**Dataset items:**
::::::::::

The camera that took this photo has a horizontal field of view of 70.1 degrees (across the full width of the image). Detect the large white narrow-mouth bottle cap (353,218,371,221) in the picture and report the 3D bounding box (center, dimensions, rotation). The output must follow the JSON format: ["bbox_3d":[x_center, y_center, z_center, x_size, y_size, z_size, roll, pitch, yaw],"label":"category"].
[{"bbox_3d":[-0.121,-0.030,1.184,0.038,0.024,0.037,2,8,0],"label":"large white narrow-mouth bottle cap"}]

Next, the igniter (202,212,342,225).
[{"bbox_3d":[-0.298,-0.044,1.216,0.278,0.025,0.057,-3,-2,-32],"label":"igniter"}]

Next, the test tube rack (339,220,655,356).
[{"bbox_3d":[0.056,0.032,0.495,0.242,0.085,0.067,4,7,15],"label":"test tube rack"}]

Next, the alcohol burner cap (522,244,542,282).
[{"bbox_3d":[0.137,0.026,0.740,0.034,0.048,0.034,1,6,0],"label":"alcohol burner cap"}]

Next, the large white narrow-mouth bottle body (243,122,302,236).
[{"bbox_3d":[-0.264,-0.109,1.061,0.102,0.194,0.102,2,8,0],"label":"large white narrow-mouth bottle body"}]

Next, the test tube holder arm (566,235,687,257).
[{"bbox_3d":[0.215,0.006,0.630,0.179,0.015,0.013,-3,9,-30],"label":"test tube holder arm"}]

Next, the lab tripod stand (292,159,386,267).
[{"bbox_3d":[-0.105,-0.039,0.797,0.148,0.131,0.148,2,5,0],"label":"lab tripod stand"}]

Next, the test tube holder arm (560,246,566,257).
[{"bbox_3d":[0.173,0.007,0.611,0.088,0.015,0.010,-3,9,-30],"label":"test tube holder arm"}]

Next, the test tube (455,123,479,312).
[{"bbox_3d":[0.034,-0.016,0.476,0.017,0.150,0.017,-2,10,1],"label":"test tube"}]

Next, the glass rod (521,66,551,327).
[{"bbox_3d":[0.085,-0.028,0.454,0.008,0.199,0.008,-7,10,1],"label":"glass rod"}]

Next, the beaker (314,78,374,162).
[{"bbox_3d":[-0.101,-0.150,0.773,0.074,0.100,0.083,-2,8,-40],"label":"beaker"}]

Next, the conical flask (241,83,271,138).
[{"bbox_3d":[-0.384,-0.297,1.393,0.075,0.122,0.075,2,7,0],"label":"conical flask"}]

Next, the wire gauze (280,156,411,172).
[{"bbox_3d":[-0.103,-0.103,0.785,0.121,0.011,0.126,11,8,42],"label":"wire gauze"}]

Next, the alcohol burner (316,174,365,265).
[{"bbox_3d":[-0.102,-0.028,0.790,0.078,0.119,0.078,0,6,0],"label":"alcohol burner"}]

::::::::::

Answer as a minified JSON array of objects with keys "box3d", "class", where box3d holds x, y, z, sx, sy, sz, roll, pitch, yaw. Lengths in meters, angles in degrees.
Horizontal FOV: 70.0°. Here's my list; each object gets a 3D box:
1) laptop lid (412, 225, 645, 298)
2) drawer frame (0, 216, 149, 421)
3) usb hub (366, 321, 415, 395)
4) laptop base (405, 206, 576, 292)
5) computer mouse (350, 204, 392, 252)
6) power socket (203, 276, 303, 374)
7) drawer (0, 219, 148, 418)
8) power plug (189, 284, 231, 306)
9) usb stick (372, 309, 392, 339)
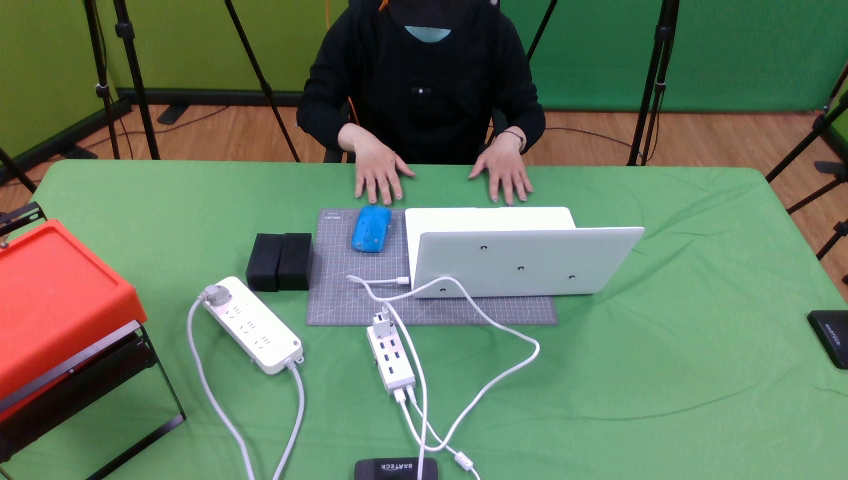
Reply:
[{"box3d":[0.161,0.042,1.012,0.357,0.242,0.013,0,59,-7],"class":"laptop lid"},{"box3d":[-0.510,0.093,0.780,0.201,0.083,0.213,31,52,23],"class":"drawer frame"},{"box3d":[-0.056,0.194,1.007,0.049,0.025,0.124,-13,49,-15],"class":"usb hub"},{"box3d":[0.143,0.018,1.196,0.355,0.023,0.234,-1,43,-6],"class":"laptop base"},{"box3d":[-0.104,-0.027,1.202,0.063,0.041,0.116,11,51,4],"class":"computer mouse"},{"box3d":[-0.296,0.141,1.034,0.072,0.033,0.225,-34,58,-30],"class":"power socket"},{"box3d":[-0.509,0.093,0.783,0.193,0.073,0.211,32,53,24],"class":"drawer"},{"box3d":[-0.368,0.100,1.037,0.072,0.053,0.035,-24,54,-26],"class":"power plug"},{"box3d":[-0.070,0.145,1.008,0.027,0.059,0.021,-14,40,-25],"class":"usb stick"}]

::::::::::

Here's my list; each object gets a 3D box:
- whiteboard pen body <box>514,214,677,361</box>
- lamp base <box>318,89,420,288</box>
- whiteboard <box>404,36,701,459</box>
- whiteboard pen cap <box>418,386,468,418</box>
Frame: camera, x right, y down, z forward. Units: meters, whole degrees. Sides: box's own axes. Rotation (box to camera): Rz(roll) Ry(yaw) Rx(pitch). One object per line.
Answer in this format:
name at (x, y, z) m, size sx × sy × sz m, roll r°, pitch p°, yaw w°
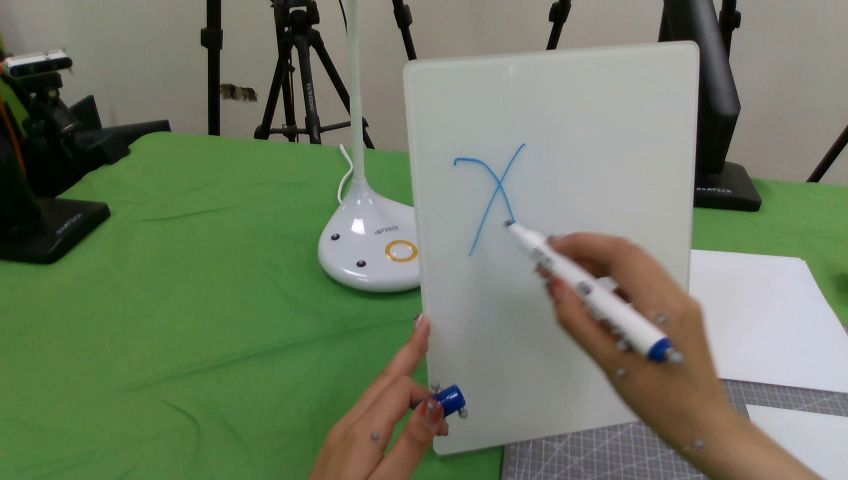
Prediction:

::::::::::

**Assignment:**
Only the lines above starting at the one containing "2) drawer frame (0, 216, 149, 421)" and ending at the one containing "9) usb stick (372, 309, 392, 339)", both included, are to be returned, exactly as they read.

**Completed exercise:**
2) drawer frame (0, 216, 149, 421)
3) usb hub (366, 321, 415, 395)
4) laptop base (405, 206, 576, 292)
5) computer mouse (350, 204, 392, 252)
6) power socket (203, 276, 303, 374)
7) drawer (0, 219, 148, 418)
8) power plug (189, 284, 231, 306)
9) usb stick (372, 309, 392, 339)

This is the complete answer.